The growing consensus of the importance of green hydrogen in meeting long-term net-zero climate targets has placed sharp focus on the urgent need to reduce the high production costs using electrolyzers, both in terms of required capital investment and the high energy cost of the electrolysis process itself.

In its Hydrogen Forecast to 2050, Norway-based consultancy DNV says that green hydrogen must grow from zero today to 15% of global energy mix by mid-century to meet climate targets.

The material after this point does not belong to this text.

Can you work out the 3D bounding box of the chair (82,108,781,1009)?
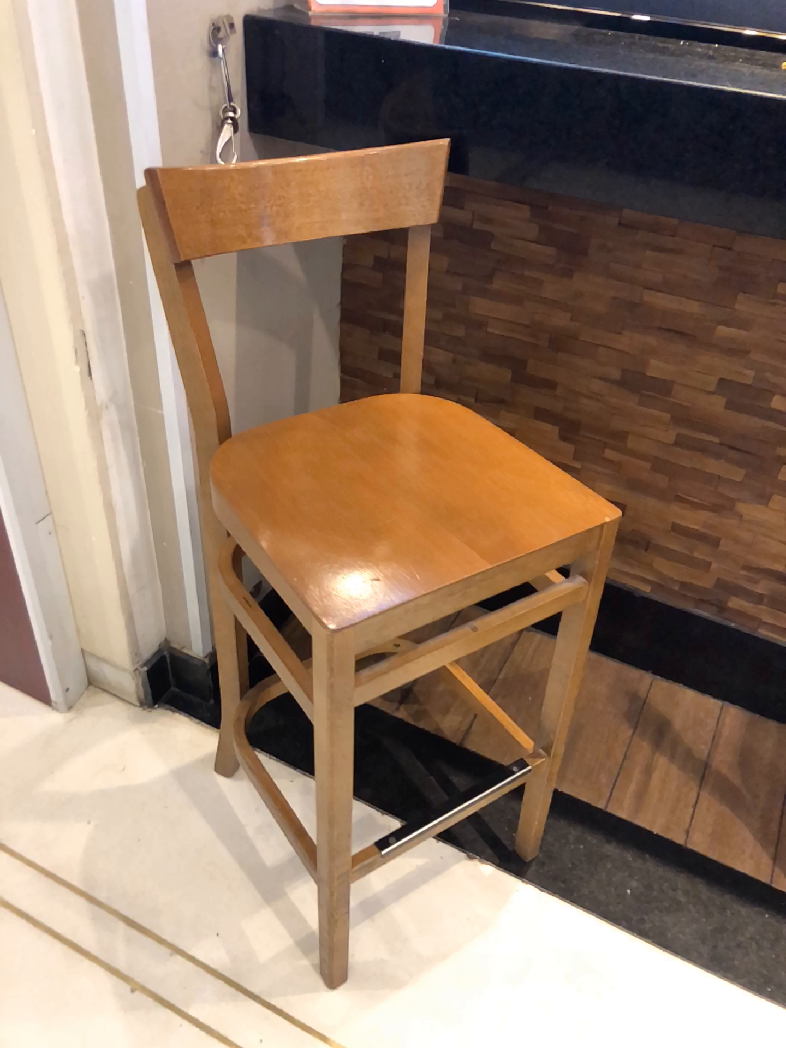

They go on to say that required global expenditures (CAPEX + OPEX) to meet that goal will approach $7 trillion USD, and will require some 3,100 gigawatts of surplus renewable energy to drive the needed electrolyzer capacity.

It is also widely believed that green hydrogen represents the ultimate solution for decarbonizing gas turbine power generation and other major industrial uses currently dependent on natural gas.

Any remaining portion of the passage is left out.